Sergio didn’t judge the weak and desperate men. Nor did he try to understand their actions. Deep down, he knew. This depravity wasn’t surprising; it had always fuelled human nature. But he wouldn’t talk about that, either. If he had children one day, he would never tell them how monstrous humans can be, only of how they disappoint. Sergio often thought about how many of the cannibals were likely fathers. Would they have been willing to eat the flesh of their offspring just as they devoured men they had stood alongside, even liked?
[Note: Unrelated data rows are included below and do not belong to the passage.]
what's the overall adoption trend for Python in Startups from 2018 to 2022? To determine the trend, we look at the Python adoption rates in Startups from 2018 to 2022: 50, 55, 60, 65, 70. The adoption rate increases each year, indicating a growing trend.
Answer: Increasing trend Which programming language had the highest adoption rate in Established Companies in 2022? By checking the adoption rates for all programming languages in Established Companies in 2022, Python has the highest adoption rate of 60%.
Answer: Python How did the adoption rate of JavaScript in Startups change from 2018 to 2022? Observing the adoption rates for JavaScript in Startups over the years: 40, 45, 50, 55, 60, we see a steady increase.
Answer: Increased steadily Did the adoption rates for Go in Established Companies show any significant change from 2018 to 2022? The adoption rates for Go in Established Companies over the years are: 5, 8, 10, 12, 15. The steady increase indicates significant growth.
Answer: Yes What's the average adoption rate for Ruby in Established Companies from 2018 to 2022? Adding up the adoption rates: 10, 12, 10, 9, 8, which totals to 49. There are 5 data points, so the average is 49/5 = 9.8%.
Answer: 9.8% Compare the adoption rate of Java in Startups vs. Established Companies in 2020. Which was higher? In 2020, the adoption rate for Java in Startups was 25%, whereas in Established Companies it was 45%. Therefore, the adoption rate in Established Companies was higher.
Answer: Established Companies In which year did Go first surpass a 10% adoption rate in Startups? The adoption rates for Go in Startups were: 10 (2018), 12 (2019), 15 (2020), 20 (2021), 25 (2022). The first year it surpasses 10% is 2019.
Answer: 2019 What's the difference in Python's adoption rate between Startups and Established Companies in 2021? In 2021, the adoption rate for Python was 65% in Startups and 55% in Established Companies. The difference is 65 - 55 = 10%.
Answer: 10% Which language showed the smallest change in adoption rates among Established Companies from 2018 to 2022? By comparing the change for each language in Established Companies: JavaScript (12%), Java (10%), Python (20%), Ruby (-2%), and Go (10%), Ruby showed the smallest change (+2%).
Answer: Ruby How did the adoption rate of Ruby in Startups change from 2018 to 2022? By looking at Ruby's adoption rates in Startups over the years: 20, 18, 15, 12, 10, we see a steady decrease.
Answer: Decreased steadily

He thought back to the stories his mother used to tell him when he was little, stories of ogres and boogeymen who gobbled up naughty children. He began to wonder how much was pure fiction. What he held true as a child was reduced to crumbs by the obscene realities war had revealed.
Complexion, the natural colour of human skin. Caucasians have rosy beige, almost peach undertones. The fairer shades are closer to ivory, while those with a sanguine temperament are often darker-skinned, with red and purplish colouring. But Sergio would never again associate human flesh with these hues.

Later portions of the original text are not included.